Par Raouf Khalsi
Par quelle construction de l’esprit en sommes-nous amenés à considérer qu’un « idiot utile » ne puisse être qu’un politique (ou un intellectuel) de gauche ? Et, qu’est-ce qu’un « idiot utile » ?
Cette expression, communément admise, renvoie à « des personnalités qui servent des desseins divergents de leurs représentations authentiques, et se trouvent, bien que peut-être de bonne foi, utilisés, instrumentalisés ou manipulés ». Il est, donc, clair que la scène politique nationale a réinfanté le vieux paradigme de la quintessence de la stupidité.
Stupidité récurrente du fait qu’au lendemain de la révolution, Moncef Marzouki, droit-de-l’hommiste non accompli, ouvrait une autoroute pour le pouvoir autocratique d’Ennahdha.
Double stupidité aussi, quand Iyadh Ben Achour faisait filtrer les objectifs de la révolution (à la Constituante) à travers le tatamis nahdhaoui.
Plus tard, tous les partis cocotte-cocotte-minute (à commencer par Nida Tounès jusqu’à Tahya Tounès) pourtant fondés sur la classique charte de de la démocratie, ont reproduit les éternels « idiots utiles », se déjugeant, se désavouant lorsqu’ils décidaient aveuglément d’arrimer leurs barques au navire nahdhaoui, par ailleurs très habile à surfer sur les vagues et à s’approprier ce « factice jeu démocratique ». Au point que, maintenant, plus d’une année après le cataclysme du 25 juillet, Ennahdha s’aliène presque tous les courants (le Front du salut national en premier) autour de sa vision propre de la démocratie. C’est-à-dire qu’il s’aliène ses ennemis chroniques.
La Gauche, elle, traditionnel terroir des « idiots utiles » (en Occident, manipulés par le régime soviétique et, chez nous, dès temps de Ben Ali, pilier de la connexion gaucho-intégriste), eh bien, cette Gauche se disperse aujourd’hui. On espérait voir se muer au sein d’elle une troisième voie à la Berlinguer, rien n’y fit. C’est que la cassure, consommée depuis longtemps à cause d’une banale question de leadership et de représentativité au parlement, génère un marchandage idéologique à quatre sous ; qui, pour plaire à Saied ; qui, pour l’affronter.
Si l’on demandait à Néjib Chebbi, ce grand militant pour la démocratie dès temps de l’ancienne dictature, de se définir aujourd’hui sur l’échiquier politique, à quelle enseigne se rangerait-il ? Déterminisme, exercice d’une politique vieux- jeu et schizophrène : voilà la réponse ! Parce que lui aussi fait acte de parjure. Il est manipulé, tout autant que Jawher Ben M’barek (l’homme qui s’inclinait tout en dévotion devant la razzia électorale de Saied) par ce grand marionnettiste qu’est le parti islamiste.

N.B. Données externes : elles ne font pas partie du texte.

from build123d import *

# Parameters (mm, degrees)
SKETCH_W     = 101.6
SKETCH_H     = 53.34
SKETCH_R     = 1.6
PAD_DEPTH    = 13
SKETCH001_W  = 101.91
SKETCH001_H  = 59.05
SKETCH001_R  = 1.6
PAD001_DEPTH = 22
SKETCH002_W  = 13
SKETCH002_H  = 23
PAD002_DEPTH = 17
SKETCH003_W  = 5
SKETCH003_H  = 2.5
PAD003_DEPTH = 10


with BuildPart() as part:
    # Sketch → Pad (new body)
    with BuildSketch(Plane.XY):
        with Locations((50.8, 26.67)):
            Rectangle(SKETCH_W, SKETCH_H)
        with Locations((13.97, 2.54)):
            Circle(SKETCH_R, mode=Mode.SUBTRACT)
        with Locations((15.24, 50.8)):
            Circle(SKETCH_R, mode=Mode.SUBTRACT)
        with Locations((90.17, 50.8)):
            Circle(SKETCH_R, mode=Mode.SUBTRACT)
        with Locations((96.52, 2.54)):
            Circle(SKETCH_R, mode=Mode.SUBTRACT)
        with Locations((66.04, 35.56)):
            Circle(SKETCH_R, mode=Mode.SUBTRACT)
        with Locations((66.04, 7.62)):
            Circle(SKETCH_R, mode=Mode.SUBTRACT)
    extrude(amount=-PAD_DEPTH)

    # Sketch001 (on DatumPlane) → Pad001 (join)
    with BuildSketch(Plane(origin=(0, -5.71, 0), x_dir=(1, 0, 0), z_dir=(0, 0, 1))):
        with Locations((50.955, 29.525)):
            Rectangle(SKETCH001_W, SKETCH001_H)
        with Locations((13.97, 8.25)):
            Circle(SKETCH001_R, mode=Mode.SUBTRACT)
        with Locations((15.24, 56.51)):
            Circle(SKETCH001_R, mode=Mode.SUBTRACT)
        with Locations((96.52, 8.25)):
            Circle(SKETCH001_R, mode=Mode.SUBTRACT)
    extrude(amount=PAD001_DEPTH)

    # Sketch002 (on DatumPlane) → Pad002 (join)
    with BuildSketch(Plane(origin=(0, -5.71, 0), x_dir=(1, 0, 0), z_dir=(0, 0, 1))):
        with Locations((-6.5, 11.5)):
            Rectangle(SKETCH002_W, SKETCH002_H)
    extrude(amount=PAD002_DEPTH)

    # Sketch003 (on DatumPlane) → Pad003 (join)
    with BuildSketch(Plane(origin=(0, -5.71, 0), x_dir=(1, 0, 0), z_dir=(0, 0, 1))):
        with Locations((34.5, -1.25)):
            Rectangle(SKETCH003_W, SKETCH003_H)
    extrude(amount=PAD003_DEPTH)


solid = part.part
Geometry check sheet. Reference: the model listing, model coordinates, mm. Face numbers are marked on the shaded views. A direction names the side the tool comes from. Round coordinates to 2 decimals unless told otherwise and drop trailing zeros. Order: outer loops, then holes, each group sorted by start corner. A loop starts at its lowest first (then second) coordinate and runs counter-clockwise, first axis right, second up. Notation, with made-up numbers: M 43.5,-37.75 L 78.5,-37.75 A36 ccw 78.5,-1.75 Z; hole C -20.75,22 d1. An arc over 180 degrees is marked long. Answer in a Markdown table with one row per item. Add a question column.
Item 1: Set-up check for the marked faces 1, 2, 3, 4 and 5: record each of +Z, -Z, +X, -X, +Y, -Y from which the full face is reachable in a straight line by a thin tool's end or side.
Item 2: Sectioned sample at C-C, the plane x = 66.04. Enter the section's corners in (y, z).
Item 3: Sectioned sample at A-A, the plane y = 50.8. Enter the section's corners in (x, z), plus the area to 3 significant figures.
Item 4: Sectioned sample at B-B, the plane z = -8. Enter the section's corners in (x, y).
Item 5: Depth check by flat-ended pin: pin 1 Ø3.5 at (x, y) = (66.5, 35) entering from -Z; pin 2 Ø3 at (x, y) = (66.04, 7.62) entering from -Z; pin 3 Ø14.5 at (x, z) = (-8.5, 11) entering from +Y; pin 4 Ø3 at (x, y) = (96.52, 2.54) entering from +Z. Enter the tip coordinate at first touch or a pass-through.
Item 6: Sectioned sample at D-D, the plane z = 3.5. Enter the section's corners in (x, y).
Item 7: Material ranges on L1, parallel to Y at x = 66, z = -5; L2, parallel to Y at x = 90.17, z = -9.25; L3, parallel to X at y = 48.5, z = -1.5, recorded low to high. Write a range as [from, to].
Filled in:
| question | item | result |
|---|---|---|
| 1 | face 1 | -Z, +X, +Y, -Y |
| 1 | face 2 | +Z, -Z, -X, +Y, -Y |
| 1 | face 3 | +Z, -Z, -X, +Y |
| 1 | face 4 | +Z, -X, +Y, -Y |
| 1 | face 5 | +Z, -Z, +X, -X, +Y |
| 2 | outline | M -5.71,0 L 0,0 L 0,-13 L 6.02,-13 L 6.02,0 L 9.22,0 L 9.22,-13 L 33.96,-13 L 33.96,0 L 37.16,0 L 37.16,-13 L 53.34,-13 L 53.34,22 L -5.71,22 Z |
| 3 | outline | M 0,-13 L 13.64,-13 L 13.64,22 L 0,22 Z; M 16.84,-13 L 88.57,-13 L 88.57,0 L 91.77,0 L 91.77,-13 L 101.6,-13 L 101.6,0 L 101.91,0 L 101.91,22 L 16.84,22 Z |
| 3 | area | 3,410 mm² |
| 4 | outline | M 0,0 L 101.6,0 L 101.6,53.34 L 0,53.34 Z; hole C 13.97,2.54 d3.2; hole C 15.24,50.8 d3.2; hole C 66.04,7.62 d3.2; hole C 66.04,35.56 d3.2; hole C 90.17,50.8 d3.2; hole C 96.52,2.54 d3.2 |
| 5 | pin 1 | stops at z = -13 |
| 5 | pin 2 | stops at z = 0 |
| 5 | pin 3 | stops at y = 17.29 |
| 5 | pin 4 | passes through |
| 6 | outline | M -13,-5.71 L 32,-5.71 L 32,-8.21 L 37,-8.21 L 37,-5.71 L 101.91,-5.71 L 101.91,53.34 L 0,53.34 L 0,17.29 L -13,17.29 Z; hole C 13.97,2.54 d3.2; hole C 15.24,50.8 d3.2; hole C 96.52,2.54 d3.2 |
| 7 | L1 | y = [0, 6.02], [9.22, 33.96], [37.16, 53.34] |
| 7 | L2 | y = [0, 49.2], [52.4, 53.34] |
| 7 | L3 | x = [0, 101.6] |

C’est ainsi que s’ouvre, haute béance, une nouvelle ère qui fait que Saied, fort de ses convictions populistes, referme la parenthèse de la démocratie transitionnelle. Il s’accomplit dans l’adversité, tandis que ses adversaires ne font que lui dérouler le tapis rouge.
Nous sommes finalement dans un régime fantasmé. Et des deux côtés.